Geography influences the interests, prosperity, and fortunes of nation-states.  For many years, the U.S. was protected from international conflicts by the water barriers of the Atlantic and Pacific Oceans.  That ended during the 20th centuries and the U.S. is now vulnerable to nuclear assault, terrorist attack, and cyber attack just like all other nations are.  For centuries, the United Kingdom rose to and achieved unparalleled global power without a large standing army because of the strength and power projection capabilities of the Royal Navy.  Germany and Russia became globally significant powers because of their armies.  China’s increasing wealth is allowing it to become a major economic and military power with global reach.  Numerous countries in the Indo-Pacific region are affected by  China’s rise including Australia, Japan, India, and the United States and are working to develop methods to mitigate China’s potential challenge and threat.
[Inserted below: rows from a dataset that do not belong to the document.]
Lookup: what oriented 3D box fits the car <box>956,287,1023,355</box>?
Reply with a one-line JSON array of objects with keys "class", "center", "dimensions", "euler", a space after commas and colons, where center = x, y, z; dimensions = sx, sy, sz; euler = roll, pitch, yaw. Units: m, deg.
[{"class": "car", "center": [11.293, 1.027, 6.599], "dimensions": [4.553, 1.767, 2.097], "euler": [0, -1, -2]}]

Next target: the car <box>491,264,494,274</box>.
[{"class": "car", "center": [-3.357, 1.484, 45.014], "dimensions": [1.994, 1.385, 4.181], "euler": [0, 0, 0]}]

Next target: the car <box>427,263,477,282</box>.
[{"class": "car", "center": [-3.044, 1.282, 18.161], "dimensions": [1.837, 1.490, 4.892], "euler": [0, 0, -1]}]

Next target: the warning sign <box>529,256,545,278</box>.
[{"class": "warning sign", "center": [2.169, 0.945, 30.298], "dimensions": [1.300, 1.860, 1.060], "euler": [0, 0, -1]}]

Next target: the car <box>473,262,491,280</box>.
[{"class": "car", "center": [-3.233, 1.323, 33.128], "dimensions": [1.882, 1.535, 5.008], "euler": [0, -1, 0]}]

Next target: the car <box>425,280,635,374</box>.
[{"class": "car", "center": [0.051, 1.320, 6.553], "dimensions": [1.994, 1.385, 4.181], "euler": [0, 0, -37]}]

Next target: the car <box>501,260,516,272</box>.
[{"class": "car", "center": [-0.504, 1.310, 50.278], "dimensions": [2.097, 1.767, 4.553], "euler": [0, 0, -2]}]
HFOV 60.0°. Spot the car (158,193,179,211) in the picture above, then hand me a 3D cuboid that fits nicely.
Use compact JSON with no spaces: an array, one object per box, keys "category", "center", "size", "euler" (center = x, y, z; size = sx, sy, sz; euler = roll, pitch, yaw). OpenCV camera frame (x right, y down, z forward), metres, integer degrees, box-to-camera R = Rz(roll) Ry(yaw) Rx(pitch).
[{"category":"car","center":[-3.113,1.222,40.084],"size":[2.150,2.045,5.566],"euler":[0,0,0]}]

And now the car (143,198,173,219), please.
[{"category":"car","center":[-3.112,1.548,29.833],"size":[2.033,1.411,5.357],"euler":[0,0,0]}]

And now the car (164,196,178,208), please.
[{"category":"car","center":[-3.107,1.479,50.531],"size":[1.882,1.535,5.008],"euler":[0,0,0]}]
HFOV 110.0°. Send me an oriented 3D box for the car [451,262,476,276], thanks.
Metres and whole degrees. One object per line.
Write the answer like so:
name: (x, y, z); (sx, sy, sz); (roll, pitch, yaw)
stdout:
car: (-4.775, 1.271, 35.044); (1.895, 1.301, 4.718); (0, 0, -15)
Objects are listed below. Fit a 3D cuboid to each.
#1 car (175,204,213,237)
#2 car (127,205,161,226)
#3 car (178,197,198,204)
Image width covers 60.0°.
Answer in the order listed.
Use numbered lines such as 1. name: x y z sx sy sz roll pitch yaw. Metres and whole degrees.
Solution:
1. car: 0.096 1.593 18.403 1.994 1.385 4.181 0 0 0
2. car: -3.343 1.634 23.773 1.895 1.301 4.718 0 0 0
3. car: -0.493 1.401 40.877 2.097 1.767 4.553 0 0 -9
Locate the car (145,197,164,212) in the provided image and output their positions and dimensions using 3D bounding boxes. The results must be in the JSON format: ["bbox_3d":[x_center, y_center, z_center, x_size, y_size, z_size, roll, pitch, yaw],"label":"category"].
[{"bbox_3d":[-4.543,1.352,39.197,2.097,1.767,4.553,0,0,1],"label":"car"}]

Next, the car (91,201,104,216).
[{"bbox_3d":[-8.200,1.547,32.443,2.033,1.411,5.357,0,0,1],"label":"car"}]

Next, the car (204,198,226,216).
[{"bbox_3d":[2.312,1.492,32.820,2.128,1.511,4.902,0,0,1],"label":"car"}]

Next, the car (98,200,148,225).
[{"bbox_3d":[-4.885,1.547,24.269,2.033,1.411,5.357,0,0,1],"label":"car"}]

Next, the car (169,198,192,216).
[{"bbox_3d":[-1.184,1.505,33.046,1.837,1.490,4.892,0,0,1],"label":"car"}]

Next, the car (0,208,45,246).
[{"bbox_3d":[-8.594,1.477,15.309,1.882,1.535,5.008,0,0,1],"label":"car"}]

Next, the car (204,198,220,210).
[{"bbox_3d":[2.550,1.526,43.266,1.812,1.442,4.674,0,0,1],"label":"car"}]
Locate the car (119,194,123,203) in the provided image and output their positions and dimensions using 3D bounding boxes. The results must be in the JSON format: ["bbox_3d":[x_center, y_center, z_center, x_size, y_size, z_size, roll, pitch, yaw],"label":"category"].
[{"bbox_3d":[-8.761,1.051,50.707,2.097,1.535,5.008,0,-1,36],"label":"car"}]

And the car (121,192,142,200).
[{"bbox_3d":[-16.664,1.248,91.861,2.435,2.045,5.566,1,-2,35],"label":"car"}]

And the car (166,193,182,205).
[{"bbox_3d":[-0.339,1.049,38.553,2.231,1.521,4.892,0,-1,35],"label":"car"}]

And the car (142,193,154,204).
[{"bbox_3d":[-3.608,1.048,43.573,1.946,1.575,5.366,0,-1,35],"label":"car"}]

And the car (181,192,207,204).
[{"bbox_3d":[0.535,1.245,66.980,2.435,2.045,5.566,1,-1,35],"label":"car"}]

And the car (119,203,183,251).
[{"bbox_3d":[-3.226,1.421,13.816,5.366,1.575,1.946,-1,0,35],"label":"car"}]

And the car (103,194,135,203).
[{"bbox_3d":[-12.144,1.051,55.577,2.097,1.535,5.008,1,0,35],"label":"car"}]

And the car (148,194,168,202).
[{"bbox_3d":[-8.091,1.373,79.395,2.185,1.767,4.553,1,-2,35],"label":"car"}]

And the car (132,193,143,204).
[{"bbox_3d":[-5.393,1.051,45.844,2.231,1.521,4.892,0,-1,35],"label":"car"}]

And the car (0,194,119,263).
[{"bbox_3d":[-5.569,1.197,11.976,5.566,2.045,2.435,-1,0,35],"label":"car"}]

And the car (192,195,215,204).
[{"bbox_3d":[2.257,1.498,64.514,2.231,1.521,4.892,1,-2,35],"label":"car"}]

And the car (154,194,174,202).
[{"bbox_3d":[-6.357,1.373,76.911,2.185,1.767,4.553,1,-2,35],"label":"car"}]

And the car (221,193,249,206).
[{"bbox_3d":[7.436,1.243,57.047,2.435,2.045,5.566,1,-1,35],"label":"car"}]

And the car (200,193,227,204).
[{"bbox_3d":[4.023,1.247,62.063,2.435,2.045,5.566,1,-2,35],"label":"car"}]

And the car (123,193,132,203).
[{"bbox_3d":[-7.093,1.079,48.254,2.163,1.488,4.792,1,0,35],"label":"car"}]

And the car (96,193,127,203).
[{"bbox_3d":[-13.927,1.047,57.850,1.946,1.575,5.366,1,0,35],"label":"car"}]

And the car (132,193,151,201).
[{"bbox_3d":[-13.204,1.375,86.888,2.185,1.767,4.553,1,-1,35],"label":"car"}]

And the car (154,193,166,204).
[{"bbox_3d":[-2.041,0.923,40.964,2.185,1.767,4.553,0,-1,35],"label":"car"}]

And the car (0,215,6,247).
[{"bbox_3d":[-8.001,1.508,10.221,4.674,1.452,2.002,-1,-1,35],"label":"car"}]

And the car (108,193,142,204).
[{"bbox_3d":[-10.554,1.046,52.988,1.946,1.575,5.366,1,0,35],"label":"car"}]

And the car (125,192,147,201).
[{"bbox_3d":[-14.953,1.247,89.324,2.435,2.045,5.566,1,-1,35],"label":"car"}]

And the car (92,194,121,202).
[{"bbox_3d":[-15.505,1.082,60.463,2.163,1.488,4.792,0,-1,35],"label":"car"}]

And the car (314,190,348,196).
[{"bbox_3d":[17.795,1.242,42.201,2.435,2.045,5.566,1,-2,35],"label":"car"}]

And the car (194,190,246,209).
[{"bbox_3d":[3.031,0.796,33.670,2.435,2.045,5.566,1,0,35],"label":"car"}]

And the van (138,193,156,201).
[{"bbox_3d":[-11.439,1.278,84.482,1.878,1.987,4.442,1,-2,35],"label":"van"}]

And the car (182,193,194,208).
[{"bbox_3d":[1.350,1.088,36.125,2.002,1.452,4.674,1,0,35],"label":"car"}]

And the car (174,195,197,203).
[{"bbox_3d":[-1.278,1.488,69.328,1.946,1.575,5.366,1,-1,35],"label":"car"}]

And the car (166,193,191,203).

Our global economy is heavily dependent on international trade through the air and, most prominently, by oceanic trade.  Many of the goods and services we buy in the U.S. have to cross thousands of miles of ocean to reach the U.S. before traveling even further to reach local marketplaces or online vendors.  If these trade routes are cut off by natural or human caused disasters, it affects us in many ways including higher prices and the potential long-term cutoff of potentially important medicine, food, software, or other products.

Educational institutions at all levels need to quit wasting their time teaching fraudulent flimflam like diversity and promote the vital importance of geography to their students and faculty.  Contemporary technology makes it possible to present geography in a variety of exciting and informative ways.  Any reasonably intelligent man or woman should be able to identify where they live on a map, be able to tell how to get from their home to work or other significant locations without using a computer, and be able to understand how weather affects their local geographic areas and international geographic areas as the tragic typhoon which recently struck the  Philippines demonstrates.  When we hear that the mayor of Toronto, Ontario, Canada is in legal and political trouble for smoking crack we should know exactly where Toronto is located geographically in relationship to our own home and understand that, since this is Canada’s largest city, it would be like New York City Mayor Michael Bloomberg getting in political and legal trouble for the same offense.  We need to become familiar with the locations of geopolitical crisis regions like the Gulf of Aden, Malacca Strait, Taiwan Strait,  38th parallel in Korea, the South China Sea, and Arctic Ocean.

We may want to hide behind our social networks and personal computing devices and think we can ignore geography.  However, geography does not ignore us and we are exposed to it every time we leave the comfort of our houses and local residences and venture out into the broader world.  Geography must be understood as a concrete and continually evolving reality and not  interpreted through the distorted ideological lenses of leftist imaginations racked by the delusions of racism, sexism, patriarchalism, homosexual romanticism, imperialism, secularism, structural inequality, critical studies, and other residues of diseased hearts and minds.